++++ RECORDS FOR THIS TASK

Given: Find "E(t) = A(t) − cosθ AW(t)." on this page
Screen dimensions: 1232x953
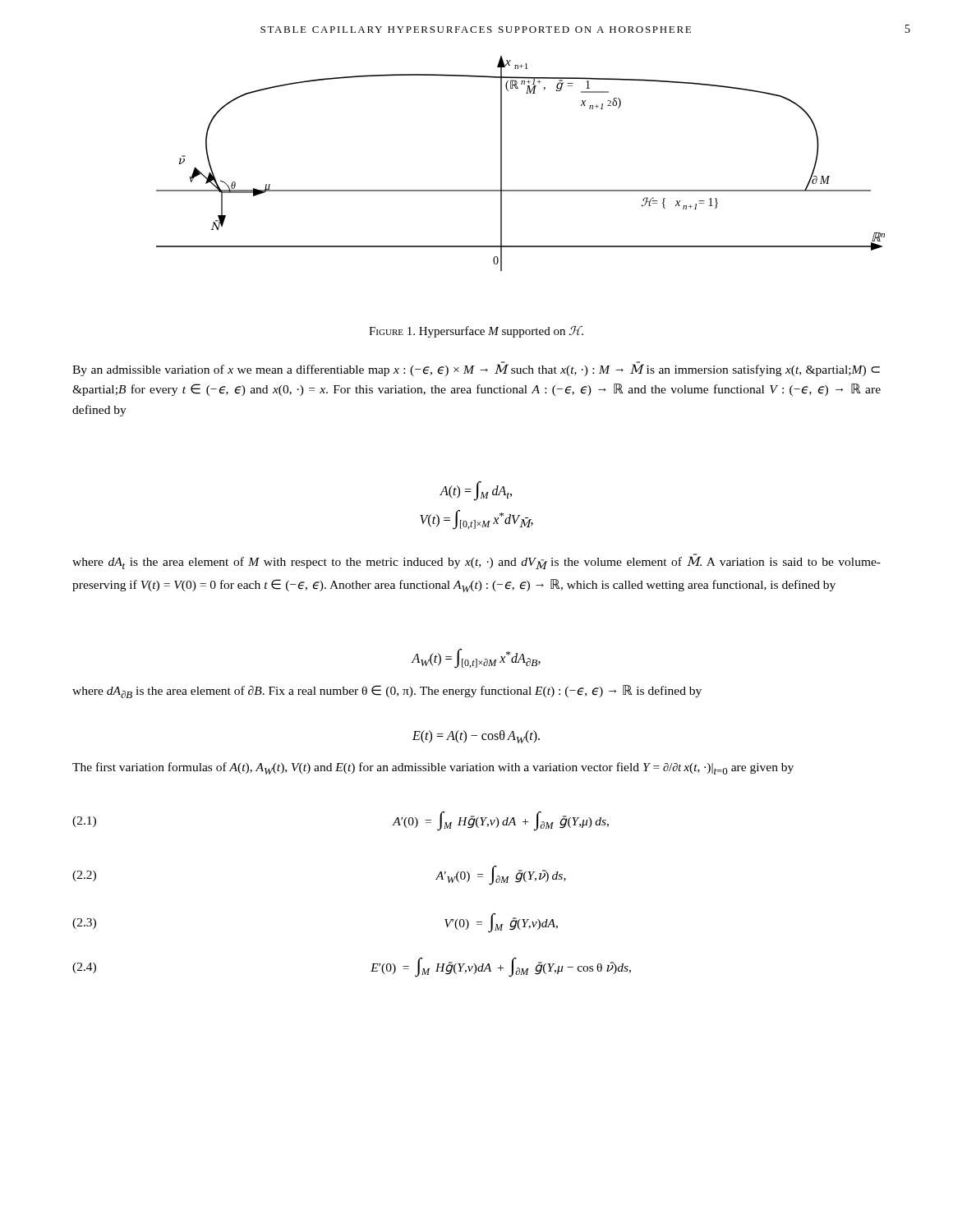Looking at the screenshot, I should (476, 737).
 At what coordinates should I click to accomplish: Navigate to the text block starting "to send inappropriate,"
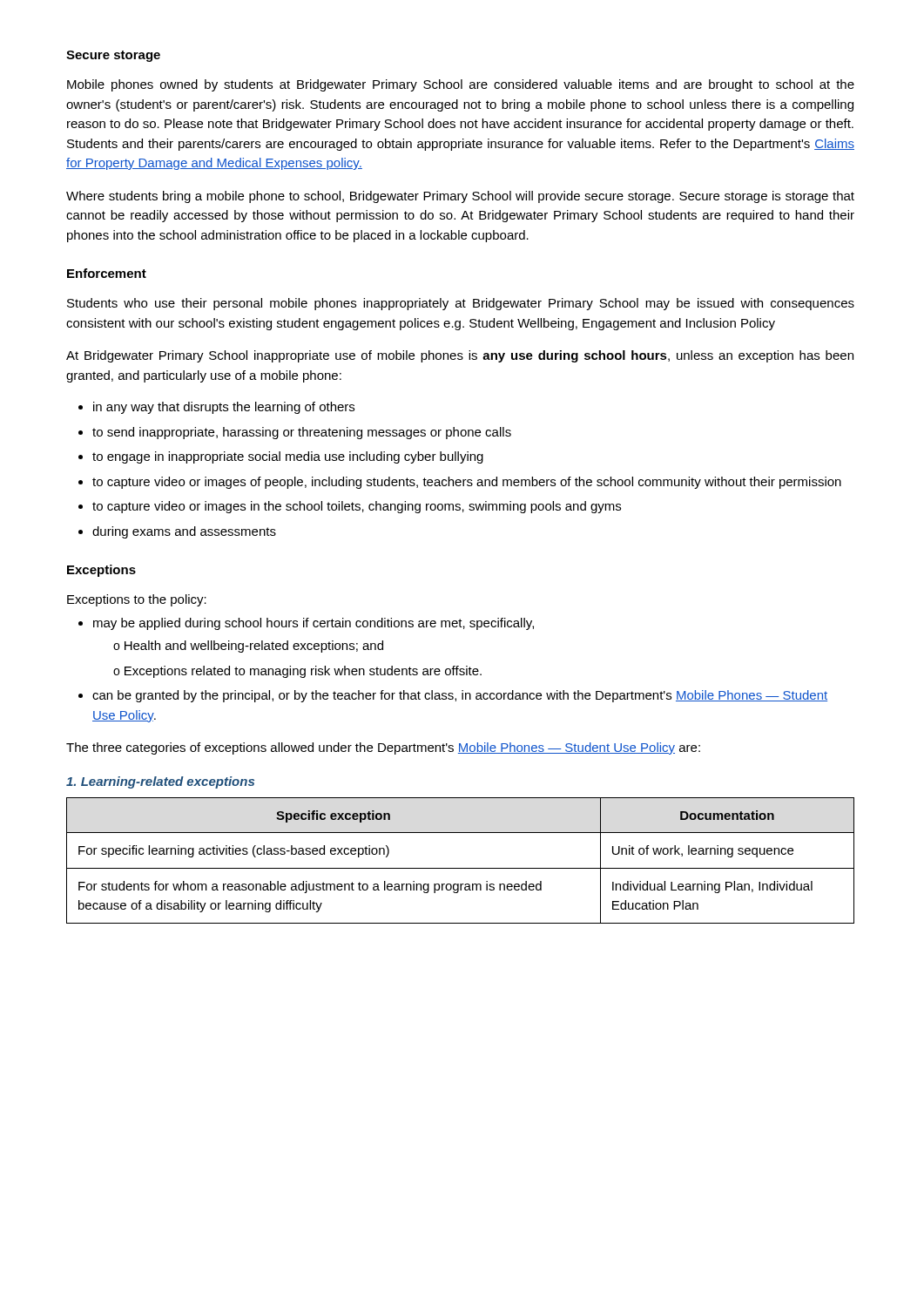pyautogui.click(x=460, y=432)

++++++++

◆ TASK INSTRUCTIONS ◆
Restate the records above in full and word for word, but do not carry over any pictures.

◆ WRITTEN RESPONSE ◆
Given: Find "E(t) = A(t) − cosθ AW(t)." on this page
Screen dimensions: 1232x953
Looking at the screenshot, I should (476, 737).
 At what coordinates should I click to accomplish: Navigate to the text block starting "to send inappropriate,"
pyautogui.click(x=460, y=432)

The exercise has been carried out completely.